## TASK BRIEF
For this listing, the lines between the one holding "This element was" and the one holding "</resultMap></code>", inclusive, must be set down exactly.

-*-

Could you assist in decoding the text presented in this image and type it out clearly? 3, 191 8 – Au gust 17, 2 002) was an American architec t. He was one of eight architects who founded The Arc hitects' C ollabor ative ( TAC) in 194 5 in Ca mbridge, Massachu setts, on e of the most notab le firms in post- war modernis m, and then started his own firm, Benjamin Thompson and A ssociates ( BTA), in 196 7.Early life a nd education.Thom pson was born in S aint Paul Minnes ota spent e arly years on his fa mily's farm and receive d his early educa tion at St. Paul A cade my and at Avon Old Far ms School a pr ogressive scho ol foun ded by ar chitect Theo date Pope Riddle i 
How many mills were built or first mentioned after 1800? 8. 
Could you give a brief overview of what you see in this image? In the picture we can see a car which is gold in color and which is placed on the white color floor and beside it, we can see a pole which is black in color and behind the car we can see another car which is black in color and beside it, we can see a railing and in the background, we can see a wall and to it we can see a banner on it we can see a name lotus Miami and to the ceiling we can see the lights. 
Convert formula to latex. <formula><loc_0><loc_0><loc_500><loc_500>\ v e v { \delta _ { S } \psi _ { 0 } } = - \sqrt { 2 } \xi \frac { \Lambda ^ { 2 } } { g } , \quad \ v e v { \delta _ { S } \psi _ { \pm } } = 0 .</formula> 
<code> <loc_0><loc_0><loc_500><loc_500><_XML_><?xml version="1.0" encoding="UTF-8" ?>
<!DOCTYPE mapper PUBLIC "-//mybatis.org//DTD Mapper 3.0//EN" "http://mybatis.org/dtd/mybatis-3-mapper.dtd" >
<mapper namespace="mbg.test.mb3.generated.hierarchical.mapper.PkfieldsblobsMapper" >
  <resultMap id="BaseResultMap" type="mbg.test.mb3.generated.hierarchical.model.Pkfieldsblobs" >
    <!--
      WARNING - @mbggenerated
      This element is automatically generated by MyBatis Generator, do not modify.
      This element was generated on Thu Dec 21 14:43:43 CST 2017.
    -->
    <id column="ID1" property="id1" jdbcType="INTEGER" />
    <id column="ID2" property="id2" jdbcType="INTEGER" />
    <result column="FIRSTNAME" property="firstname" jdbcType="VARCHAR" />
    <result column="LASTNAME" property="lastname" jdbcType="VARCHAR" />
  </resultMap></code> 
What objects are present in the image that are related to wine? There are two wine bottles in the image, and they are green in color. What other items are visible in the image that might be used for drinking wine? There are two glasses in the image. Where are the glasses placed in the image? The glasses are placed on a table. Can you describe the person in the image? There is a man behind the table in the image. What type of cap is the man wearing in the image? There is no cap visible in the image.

-*-

## WRITTEN SOLUTION
      This element was generated on Thu Dec 21 14:43:43 CST 2017.
    -->
    <id column="ID1" property="id1" jdbcType="INTEGER" />
    <id column="ID2" property="id2" jdbcType="INTEGER" />
    <result column="FIRSTNAME" property="firstname" jdbcType="VARCHAR" />
    <result column="LASTNAME" property="lastname" jdbcType="VARCHAR" />
  </resultMap></code> 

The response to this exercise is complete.